More playing with blogging software
Tue Nov 28 20:33:30 EST 2006
My homebrew blogging software starts with a plaintext file and uses a lexer and parser to split this into a list of entries. It then iterates over the list, printing each entry to a category page (eg code or ocaml), the main page and a permalink page.
One problem with this as it stands is that each permalink gets regenerated each time the blogging program is run. This is usually unnecessary since previous blog entries rarely change.

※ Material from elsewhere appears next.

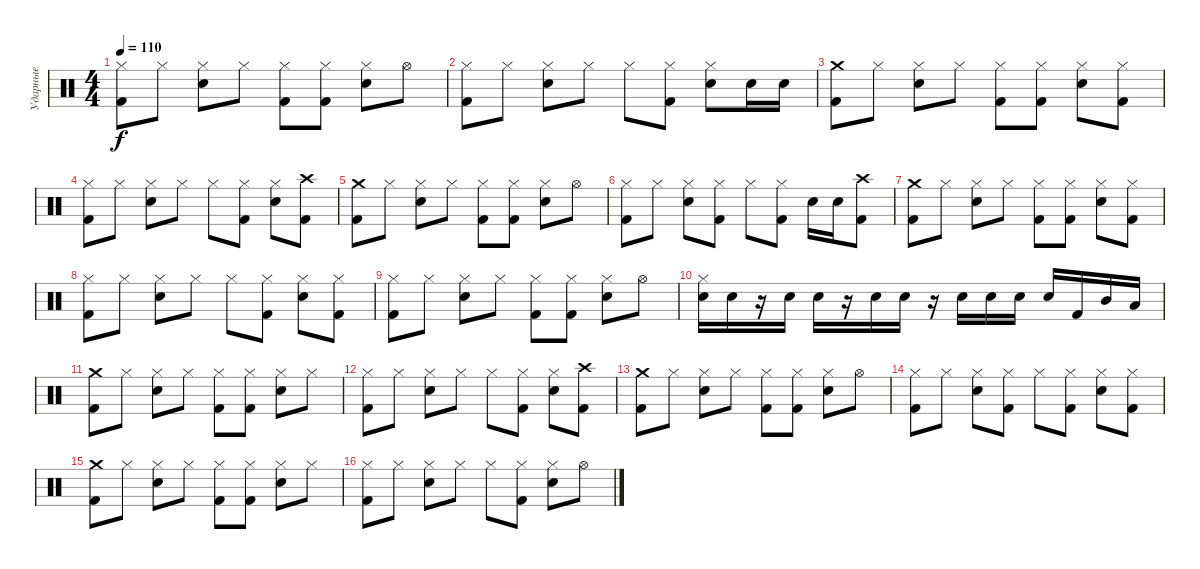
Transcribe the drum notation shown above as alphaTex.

It is even more annoying because the permalink entries are the full versions, not restricted to the first 1000 characters of the entry.

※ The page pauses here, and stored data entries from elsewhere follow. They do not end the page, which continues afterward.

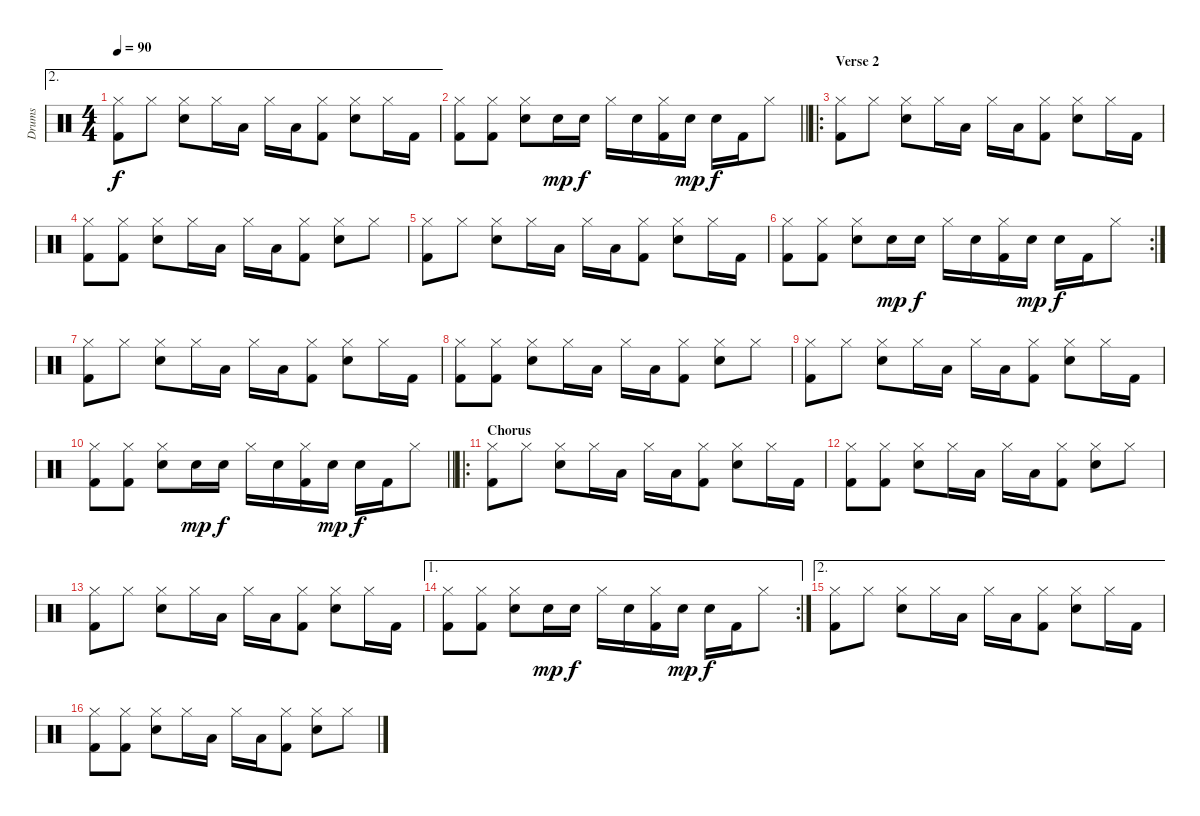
\track ("Drums" "Drums") {instrument percussion}
\staff {score}
\articulation defaults
\ae 2
\ts (4 4)
\tempo 90
\clef neutral
\ks c
("Hi-Hat (closed)" "Kick (hit) 2").8{dy f} "Hi-Hat (closed)".8 ("Hand Clap (hit)" "Hi-Hat (closed)").8 "Hi-Hat (closed)".16 "Low Tom (hit)".16 "Hi-Hat (closed)".16 "Low Tom (hit)".16 ("Hi-Hat (closed)" "Kick (hit) 2").8 ("Hand Clap (hit)" "Hi-Hat (closed)").8 "Hi-Hat (closed)".16 "Kick (hit) 2".16 |
\barLineRight lightlight
("Hi-Hat (closed)" "Kick (hit) 2").8 ("Hi-Hat (closed)" "Kick (hit) 2").8 ("Hand Clap (hit)" "Hi-Hat (closed)").8 "Electric Snare (hit)".16{dy mp} "Electric Snare (hit)".16{dy f} "Hi-Hat (closed)".16 "Electric Snare (hit)".16 ("Hi-Hat (closed)" "Kick (hit) 2").16 "Electric Snare (hit)".16{dy mp} "Electric Snare (hit)".16{dy f} "Kick (hit) 2".16 "Hi-Hat (closed)".8 |
\ro
\section ("" "Verse 2")
("Hi-Hat (closed)" "Kick (hit) 2").8 "Hi-Hat (closed)".8 ("Hand Clap (hit)" "Hi-Hat (closed)").8 "Hi-Hat (closed)".16 "Low Tom (hit)".16 "Hi-Hat (closed)".16 "Low Tom (hit)".16 ("Hi-Hat (closed)" "Kick (hit) 2").8 ("Hand Clap (hit)" "Hi-Hat (closed)").8 "Hi-Hat (closed)".16 "Kick (hit) 2".16 |
("Hi-Hat (closed)" "Kick (hit) 2").8 ("Hi-Hat (closed)" "Kick (hit) 2").8 ("Hand Clap (hit)" "Hi-Hat (closed)").8 "Hi-Hat (closed)".16 "Low Tom (hit)".16 "Hi-Hat (closed)".16 "Low Tom (hit)".16 ("Hi-Hat (closed)" "Kick (hit) 2").8 ("Hand Clap (hit)" "Hi-Hat (closed)").8 "Hi-Hat (closed)".8 |
("Hi-Hat (closed)" "Kick (hit) 2").8 "Hi-Hat (closed)".8 ("Hand Clap (hit)" "Hi-Hat (closed)").8 "Hi-Hat (closed)".16 "Low Tom (hit)".16 "Hi-Hat (closed)".16 "Low Tom (hit)".16 ("Hi-Hat (closed)" "Kick (hit) 2").8 ("Hand Clap (hit)" "Hi-Hat (closed)").8 "Hi-Hat (closed)".16 "Kick (hit) 2".16 |
\rc 2
("Hi-Hat (closed)" "Kick (hit) 2").8 ("Hi-Hat (closed)" "Kick (hit) 2").8 ("Hand Clap (hit)" "Hi-Hat (closed)").8 "Electric Snare (hit)".16{dy mp} "Electric Snare (hit)".16{dy f} "Hi-Hat (closed)".16 "Electric Snare (hit)".16 ("Hi-Hat (closed)" "Kick (hit) 2").16 "Electric Snare (hit)".16{dy mp} "Electric Snare (hit)".16{dy f} "Kick (hit) 2".16 "Hi-Hat (closed)".8 |
("Hi-Hat (closed)" "Kick (hit) 2").8 "Hi-Hat (closed)".8 ("Hand Clap (hit)" "Hi-Hat (closed)").8 "Hi-Hat (closed)".16 "Low Tom (hit)".16 "Hi-Hat (closed)".16 "Low Tom (hit)".16 ("Hi-Hat (closed)" "Kick (hit) 2").8 ("Hand Clap (hit)" "Hi-Hat (closed)").8 "Hi-Hat (closed)".16 "Kick (hit) 2".16 |
("Hi-Hat (closed)" "Kick (hit) 2").8 ("Hi-Hat (closed)" "Kick (hit) 2").8 ("Hand Clap (hit)" "Hi-Hat (closed)").8 "Hi-Hat (closed)".16 "Low Tom (hit)".16 "Hi-Hat (closed)".16 "Low Tom (hit)".16 ("Hi-Hat (closed)" "Kick (hit) 2").8 ("Hand Clap (hit)" "Hi-Hat (closed)").8 "Hi-Hat (closed)".8 |
("Hi-Hat (closed)" "Kick (hit) 2").8 "Hi-Hat (closed)".8 ("Hand Clap (hit)" "Hi-Hat (closed)").8 "Hi-Hat (closed)".16 "Low Tom (hit)".16 "Hi-Hat (closed)".16 "Low Tom (hit)".16 ("Hi-Hat (closed)" "Kick (hit) 2").8 ("Hand Clap (hit)" "Hi-Hat (closed)").8 "Hi-Hat (closed)".16 "Kick (hit) 2".16 |
\barLineRight lightlight
("Hi-Hat (closed)" "Kick (hit) 2").8 ("Hi-Hat (closed)" "Kick (hit) 2").8 ("Hand Clap (hit)" "Hi-Hat (closed)").8 "Electric Snare (hit)".16{dy mp} "Electric Snare (hit)".16{dy f} "Hi-Hat (closed)".16 "Electric Snare (hit)".16 ("Hi-Hat (closed)" "Kick (hit) 2").16 "Electric Snare (hit)".16{dy mp} "Electric Snare (hit)".16{dy f} "Kick (hit) 2".16 "Hi-Hat (closed)".8 |
\ro
\section ("" "Chorus")
("Hi-Hat (closed)" "Kick (hit) 2").8 "Hi-Hat (closed)".8 ("Hand Clap (hit)" "Hi-Hat (closed)").8 "Hi-Hat (closed)".16 "Low Tom (hit)".16 "Hi-Hat (closed)".16 "Low Tom (hit)".16 ("Hi-Hat (closed)" "Kick (hit) 2").8 ("Hand Clap (hit)" "Hi-Hat (closed)").8 "Hi-Hat (closed)".16 "Kick (hit) 2".16 |
("Hi-Hat (closed)" "Kick (hit) 2").8 ("Hi-Hat (closed)" "Kick (hit) 2").8 ("Hand Clap (hit)" "Hi-Hat (closed)").8 "Hi-Hat (closed)".16 "Low Tom (hit)".16 "Hi-Hat (closed)".16 "Low Tom (hit)".16 ("Hi-Hat (closed)" "Kick (hit) 2").8 ("Hand Clap (hit)" "Hi-Hat (closed)").8 "Hi-Hat (closed)".8 |
("Hi-Hat (closed)" "Kick (hit) 2").8 "Hi-Hat (closed)".8 ("Hand Clap (hit)" "Hi-Hat (closed)").8 "Hi-Hat (closed)".16 "Low Tom (hit)".16 "Hi-Hat (closed)".16 "Low Tom (hit)".16 ("Hi-Hat (closed)" "Kick (hit) 2").8 ("Hand Clap (hit)" "Hi-Hat (closed)").8 "Hi-Hat (closed)".16 "Kick (hit) 2".16 |
\ae 1
\rc 2
("Hi-Hat (closed)" "Kick (hit) 2").8 ("Hi-Hat (closed)" "Kick (hit) 2").8 ("Hand Clap (hit)" "Hi-Hat (closed)").8 "Electric Snare (hit)".16{dy mp} "Electric Snare (hit)".16{dy f} "Hi-Hat (closed)".16 "Electric Snare (hit)".16 ("Hi-Hat (closed)" "Kick (hit) 2").16 "Electric Snare (hit)".16{dy mp} "Electric Snare (hit)".16{dy f} "Kick (hit) 2".16 "Hi-Hat (closed)".8 |
\ae 2
("Hi-Hat (closed)" "Kick (hit) 2").8 "Hi-Hat (closed)".8 ("Hand Clap (hit)" "Hi-Hat (closed)").8 "Hi-Hat (closed)".16 "Low Tom (hit)".16 "Hi-Hat (closed)".16 "Low Tom (hit)".16 ("Hi-Hat (closed)" "Kick (hit) 2").8 ("Hand Clap (hit)" "Hi-Hat (closed)").8 "Hi-Hat (closed)".16 "Kick (hit) 2".16 |
("Hi-Hat (closed)" "Kick (hit) 2").8 ("Hi-Hat (closed)" "Kick (hit) 2").8 ("Hand Clap (hit)" "Hi-Hat (closed)").8 "Hi-Hat (closed)".16 "Low Tom (hit)".16 "Hi-Hat (closed)".16 "Low Tom (hit)".16 ("Hi-Hat (closed)" "Kick (hit) 2").8 ("Hand Clap (hit)" "Hi-Hat (closed)").8 "Hi-Hat (closed)".8

Solution: store in a file a record of which entries have been processed, and ideally be able to recognize whether an entry has changed. Do this by creating a hashtable of permalink string (YYYYMMDD_HHMMSS) and MD5 digest of the actual output string. The relevant bit of the main program is shown below:
read_permhash "permhash.txt";
List.iter
(fun entry ->
let tlst = Entry.tags entry in
let permlink = make_permlink entry in
let perm_outstr = (outstr "full" entry) in
let perm_md5 =
Digest.to_hex (Digest.string perm_outstr) in
let old_md5 =
try Hashtbl.find ht permlink
with Not_found -> "" in
let outlist =
List.fold_left
(fun acc x -> (tag_to_chan x) :: acc)
[] tlst in
begin
List.iter (writeout (outstr "short" entry)) outlist;
(if perm_md5 <> old_md5 then
let permchan = permoutchan permlink in
begin
writeout perm_outstr permchan;
Hashtbl.replace ht permlink perm_md5;
close_out permchan
end
else ());
end)
(List.rev entries);
write_permhash "permhash.txt";
The read_permhash and write_permhash functions are simple, the first opens the file "permhash.txt" and adds the key-value pairs to an empty hashtable, while the second iterates over the hashtable at the end to write the new hashes.
This works for the permalink files, might also be worth doing for the category files so that only the new entries are added to the front of each file. However this will be a bit tricky if a permalink is updated in the middle of a category and so may not be worth it.